- WHAT THE TASK REQUIRES -
Quote all entries exactly, leaving pictures aside.

- THE DATA -
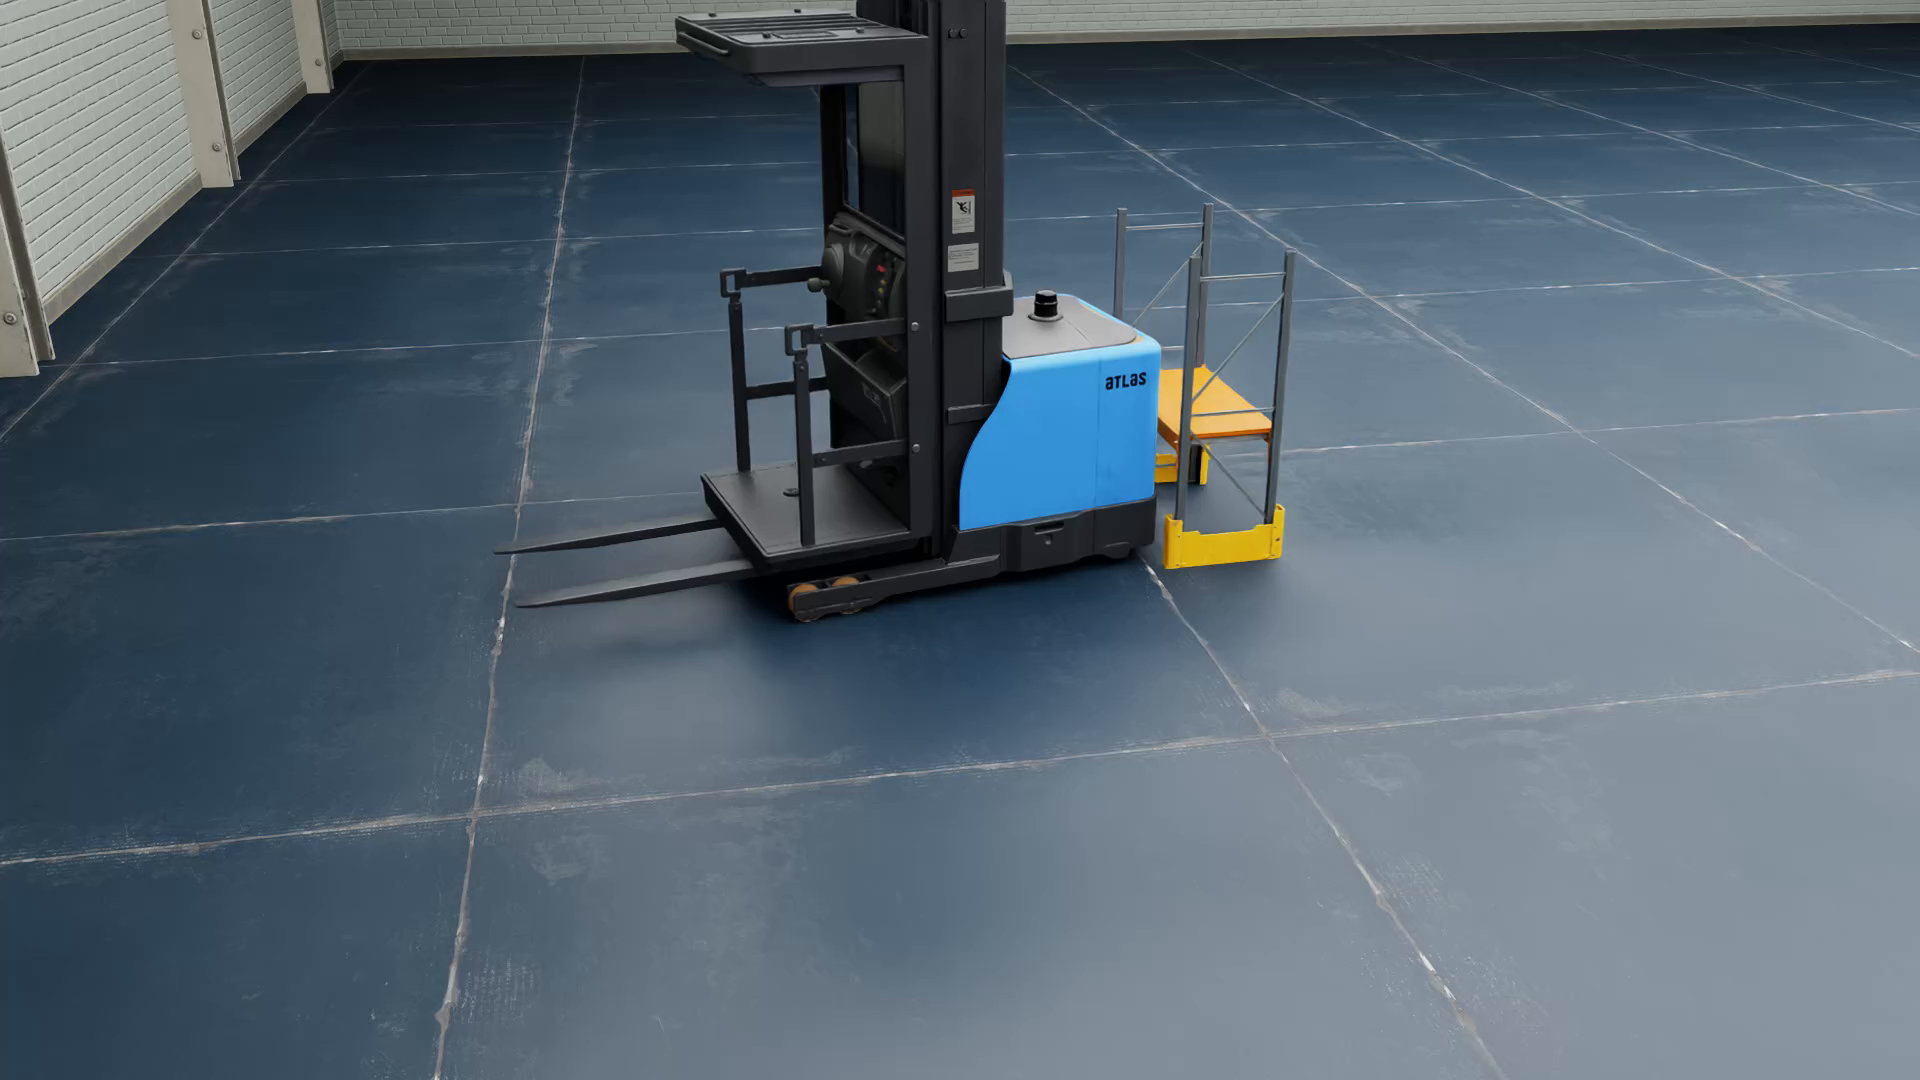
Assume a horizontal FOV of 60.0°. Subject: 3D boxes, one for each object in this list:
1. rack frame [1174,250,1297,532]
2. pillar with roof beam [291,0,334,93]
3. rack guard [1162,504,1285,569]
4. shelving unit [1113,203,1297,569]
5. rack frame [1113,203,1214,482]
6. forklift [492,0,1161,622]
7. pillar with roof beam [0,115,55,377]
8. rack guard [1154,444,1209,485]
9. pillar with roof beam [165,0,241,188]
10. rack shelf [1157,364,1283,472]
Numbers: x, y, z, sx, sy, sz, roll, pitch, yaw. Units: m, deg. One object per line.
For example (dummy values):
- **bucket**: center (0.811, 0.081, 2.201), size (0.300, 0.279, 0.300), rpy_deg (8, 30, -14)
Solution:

- EXPECTED ANSWER -
Assume a horizontal FOV of 60.0°. Subject: 3D boxes, one for each object in this list:
1. rack frame [1174,250,1297,532]
2. pillar with roof beam [291,0,334,93]
3. rack guard [1162,504,1285,569]
4. shelving unit [1113,203,1297,569]
5. rack frame [1113,203,1214,482]
6. forklift [492,0,1161,622]
7. pillar with roof beam [0,115,55,377]
8. rack guard [1154,444,1209,485]
9. pillar with roof beam [165,0,241,188]
10. rack shelf [1157,364,1283,472]
Numbers: x, y, z, sx, sy, sz, roll, pitch, yaw. Units: m, deg. One object per line.
For example (dummy values):
- **bucket**: center (0.811, 0.081, 2.201), size (0.300, 0.279, 0.300), rpy_deg (8, 30, -14)
Solution:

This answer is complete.